Best approach for keeping recursive totals updated in MySQL tree structure?

I’m working with a hierarchical data structure in MySQL where I need to maintain calculated totals. Here’s my table setup:

CREATE TABLE nodes (
    id INT,
    sum_value INT,
    PRIMARY KEY (id)
);

CREATE TABLE hierarchy (
    parent_id INT,
    child_id INT,
    FOREIGN KEY (parent_id, child_id) REFERENCES nodes (id, id)
);

The setup works like this: leaf nodes have their sum_value set manually, but parent nodes should always contain the sum of all their children’s values. I’ve been trying this query to recalculate everything:

UPDATE nodes SET sum_value = (
    SELECT SUM(child.sum_value) FROM
        hierarchy JOIN nodes AS child
        ON hierarchy.child_id = child.id
        WHERE hierarchy.parent_id = nodes.id
)
WHERE EXISTS (
    SELECT * FROM hierarchy WHERE parent_id = nodes.id
);

The main challenge is keeping these totals accurate when data changes. I need to handle updates to leaf values and moving nodes around while keeping the tree structure intact.

What’s the most efficient way to maintain these recursive totals without recalculating everything each time?

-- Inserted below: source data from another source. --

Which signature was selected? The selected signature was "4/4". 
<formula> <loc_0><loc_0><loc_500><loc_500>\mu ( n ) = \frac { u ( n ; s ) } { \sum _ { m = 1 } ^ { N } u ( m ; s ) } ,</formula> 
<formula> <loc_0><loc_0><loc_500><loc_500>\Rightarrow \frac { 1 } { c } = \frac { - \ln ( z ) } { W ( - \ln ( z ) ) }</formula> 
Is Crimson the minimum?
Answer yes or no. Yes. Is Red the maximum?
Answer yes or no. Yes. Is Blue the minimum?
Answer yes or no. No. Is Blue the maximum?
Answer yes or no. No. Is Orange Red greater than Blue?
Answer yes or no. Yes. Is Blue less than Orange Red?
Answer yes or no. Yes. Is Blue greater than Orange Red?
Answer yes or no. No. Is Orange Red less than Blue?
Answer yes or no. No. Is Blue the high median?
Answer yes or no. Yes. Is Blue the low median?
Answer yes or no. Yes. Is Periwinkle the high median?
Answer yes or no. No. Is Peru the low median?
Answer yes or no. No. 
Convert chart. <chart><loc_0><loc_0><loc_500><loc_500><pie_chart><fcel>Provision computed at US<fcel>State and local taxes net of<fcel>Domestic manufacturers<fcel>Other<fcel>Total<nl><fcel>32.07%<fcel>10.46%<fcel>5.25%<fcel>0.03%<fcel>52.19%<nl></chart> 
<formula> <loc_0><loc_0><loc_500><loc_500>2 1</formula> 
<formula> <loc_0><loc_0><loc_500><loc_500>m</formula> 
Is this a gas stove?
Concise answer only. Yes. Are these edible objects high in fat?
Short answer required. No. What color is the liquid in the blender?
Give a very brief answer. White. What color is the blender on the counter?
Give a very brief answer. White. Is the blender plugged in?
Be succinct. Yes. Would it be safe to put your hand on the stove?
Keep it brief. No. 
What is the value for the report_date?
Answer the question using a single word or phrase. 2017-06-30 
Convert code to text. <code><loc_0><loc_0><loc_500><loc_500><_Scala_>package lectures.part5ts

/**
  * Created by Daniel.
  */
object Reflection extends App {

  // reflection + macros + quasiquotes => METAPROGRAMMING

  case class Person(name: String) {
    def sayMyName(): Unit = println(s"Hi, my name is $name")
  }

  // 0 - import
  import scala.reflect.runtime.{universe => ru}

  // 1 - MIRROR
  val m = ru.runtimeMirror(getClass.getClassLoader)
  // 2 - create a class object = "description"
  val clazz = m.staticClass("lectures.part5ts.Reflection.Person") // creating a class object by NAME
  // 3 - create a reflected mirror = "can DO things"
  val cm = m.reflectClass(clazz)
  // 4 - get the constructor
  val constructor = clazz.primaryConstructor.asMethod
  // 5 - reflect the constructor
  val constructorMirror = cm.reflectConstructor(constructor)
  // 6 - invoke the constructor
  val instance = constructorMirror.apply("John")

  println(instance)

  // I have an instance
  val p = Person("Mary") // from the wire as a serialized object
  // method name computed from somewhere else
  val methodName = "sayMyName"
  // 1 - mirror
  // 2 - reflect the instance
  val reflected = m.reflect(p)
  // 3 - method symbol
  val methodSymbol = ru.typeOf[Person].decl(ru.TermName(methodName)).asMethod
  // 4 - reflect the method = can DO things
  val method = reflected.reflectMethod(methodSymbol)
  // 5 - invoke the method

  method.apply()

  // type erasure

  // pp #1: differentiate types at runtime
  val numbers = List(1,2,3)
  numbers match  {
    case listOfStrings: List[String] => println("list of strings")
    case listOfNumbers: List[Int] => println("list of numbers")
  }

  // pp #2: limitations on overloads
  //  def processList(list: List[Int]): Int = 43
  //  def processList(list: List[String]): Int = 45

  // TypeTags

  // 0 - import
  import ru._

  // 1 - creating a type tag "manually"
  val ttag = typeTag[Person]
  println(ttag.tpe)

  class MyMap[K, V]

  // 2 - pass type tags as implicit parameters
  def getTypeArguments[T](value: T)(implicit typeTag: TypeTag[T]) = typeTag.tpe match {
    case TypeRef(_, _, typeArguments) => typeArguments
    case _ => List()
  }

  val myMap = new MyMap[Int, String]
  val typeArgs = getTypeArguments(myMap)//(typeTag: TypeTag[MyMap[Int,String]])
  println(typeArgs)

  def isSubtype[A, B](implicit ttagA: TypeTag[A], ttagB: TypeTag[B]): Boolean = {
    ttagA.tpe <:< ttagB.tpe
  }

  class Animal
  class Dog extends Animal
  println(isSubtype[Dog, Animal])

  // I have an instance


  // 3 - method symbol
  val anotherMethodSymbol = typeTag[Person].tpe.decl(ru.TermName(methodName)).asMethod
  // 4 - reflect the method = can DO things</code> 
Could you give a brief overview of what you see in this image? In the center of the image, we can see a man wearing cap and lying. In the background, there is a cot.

I’ve considered a few options but each has problems:

  • Recalculating everything after each change (too slow)
  • Using triggers to update parent nodes automatically (MySQL limitations make this tricky)
  • Creating a queue system to process updates in batches (complex to implement)

I’m looking for a solution that could work for similar aggregation scenarios too. Any ideas on the best approach here?

I encountered a similar challenge in a project management application where we needed to track budgets through various tasks. The most effective solution involved implementing a dirty flag system paired with level-based updates. By introducing a dirty_flag column in the nodes table, I marked a node as dirty when its leaf value changed, and recursively flagged all ancestors. Subsequently, we scheduled a job to process these dirty nodes from the deepest level back to the root. This method proved far more efficient than recalculating totals entirely and circumvents the complications of triggers. The key is to only recalculate the path from the altered leaf up to the root instead of the entire tree. For frequent updates, batching the flagging and processing updates every few minutes rather than instantly can also enhance performance.

have you considered using materialized paths or nested sets? adjacency lists can be a real pain for aggregation. nested sets allow for much faster sum calculations with left/right boundaries. i switched up my schema from something similar and noticed big improvements in performance.